I went there too, but used an independent link in another search. Despite having a previous account they acted like they never heard of me. I had them send my a temporary code in my email so I could recover the account. After answering some pointed questions and redoing my security questions, I had success.
I think they assume it is safer to just blow away the old account links and start over to be completely safe. I can’t really blame them. I was impressed with how they refuse all but the most secure passwords now.They have definitely ramped up security over there, compared with where they were two years ago.
Same with me. Login doesn’t work, no account found. I used it initially to set up deposit accounts but that was 3 years ago now. Looks like they just blew the accounts away. I do not have my credit files locked. Could be that not using it for some period of time gets it removed. All payments have been regular as clockwork.
I had the same thing happen to me. When I contacted SSA about it they said Experian has a fraud hold on my credit report, which tells us a couple of things, good things I think. One is that SSA is cross-refing new account creation attempts with the credit bureaus, and another is that the credit bureaus are actively policing the reports in their custody and placing fraud alerts on some or all of them. I still need to look into that and decide if I want Experian to lift the fraud alert so I can create an SSA online account. After reading this article I think I’d better get on that right away.
I just went to the portal – and it’s only open from 5AM to 1AM Eastern Time. Well, it’s 12:20 AM Pacific Time here, gov. It’s a WEB SITE. Stay open 24 hours!
I’m also waiting to see what sort of “verification questions” they use, since it’s almost trivial for anyone with a social media presence to have given out most of those answers already, for hackers to slurp up and use.
Simple solution: DON’T post those kinds of things on your social media account, and/or DON’T use question/responses that are about the information you have posted. I sometimes make up fantasy responses (and record them so I know later what they are), for websites who don’t offer anything but the most common sort of verification questions.
I’ve found that one cannot register if one does not have a US mailing address. Having read the foregoing comments, I assume that’s because there is no record of me at the credit checking bureaux. Why should I, and others in the same situation, be left exposed?

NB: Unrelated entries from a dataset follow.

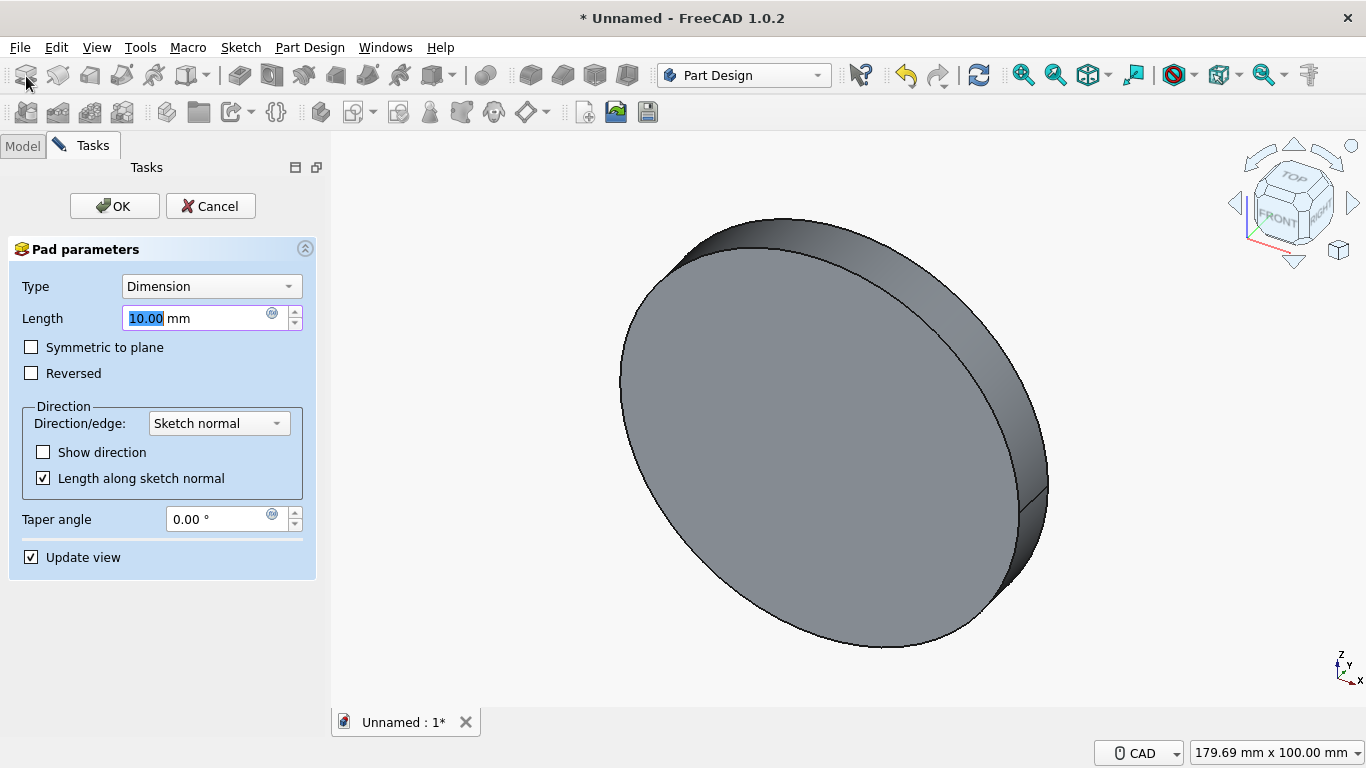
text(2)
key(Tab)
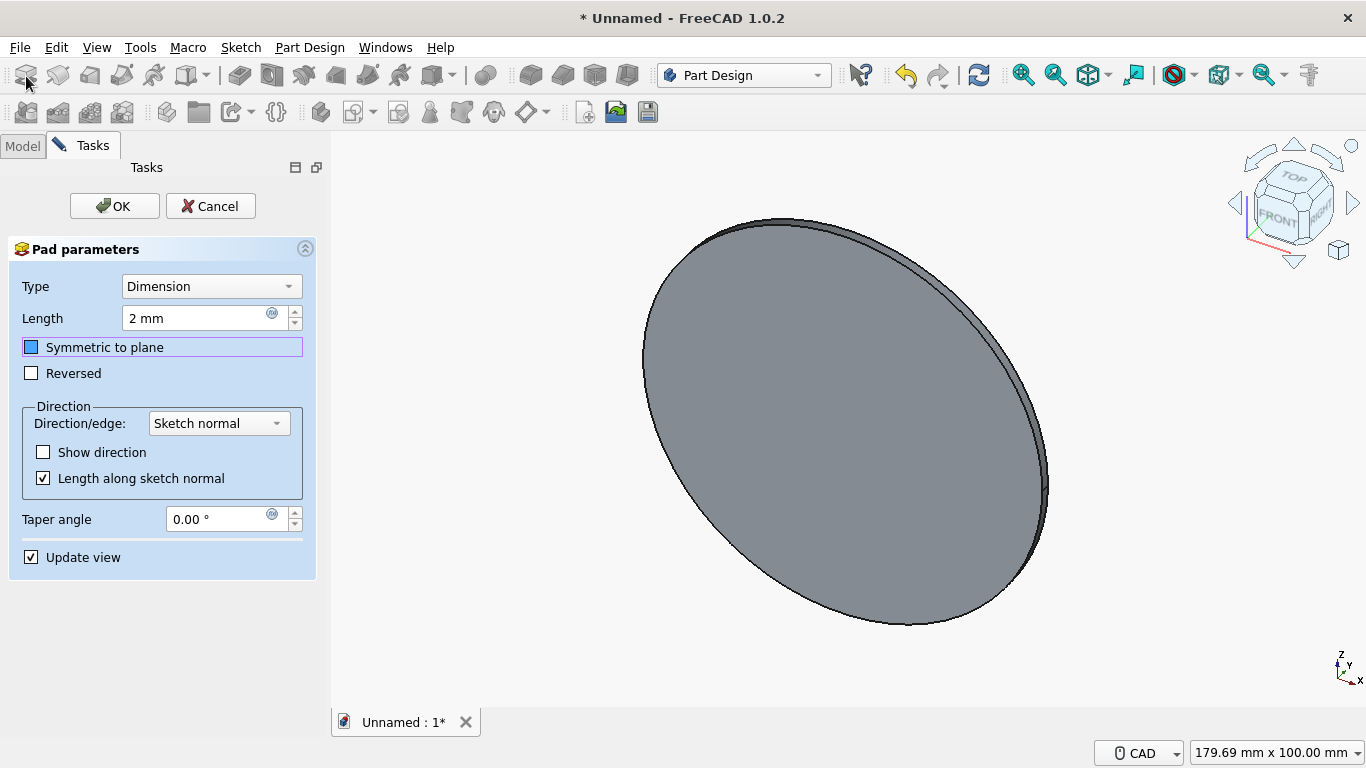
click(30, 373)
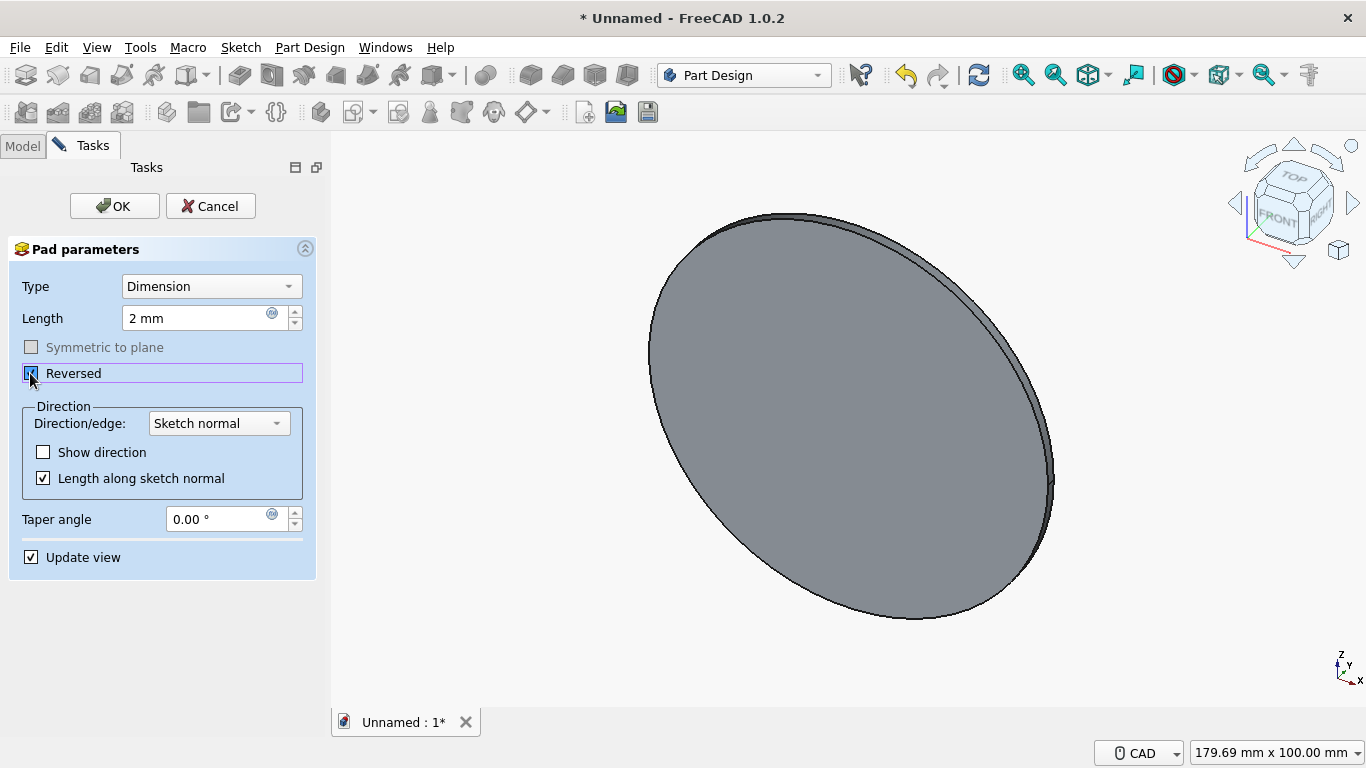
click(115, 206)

And in the always-on-top-of-things-when-it-comes-to-security department: The link bandied about for this service is http://www.ssa.gov. Since this is a site at which you’ll be entering important personal information, it’s prudent to connect to it using https. But … https://www.ssa.gov produces and “invalid certificate” error, because it serves up a certificate for http://www.socialsecurity.gov.
There are a number of ways to fix this, and I won’t attempt to advise on the best approach. But it’s clear that the administrators of the Social Security site need to work a bit harder in setting it up.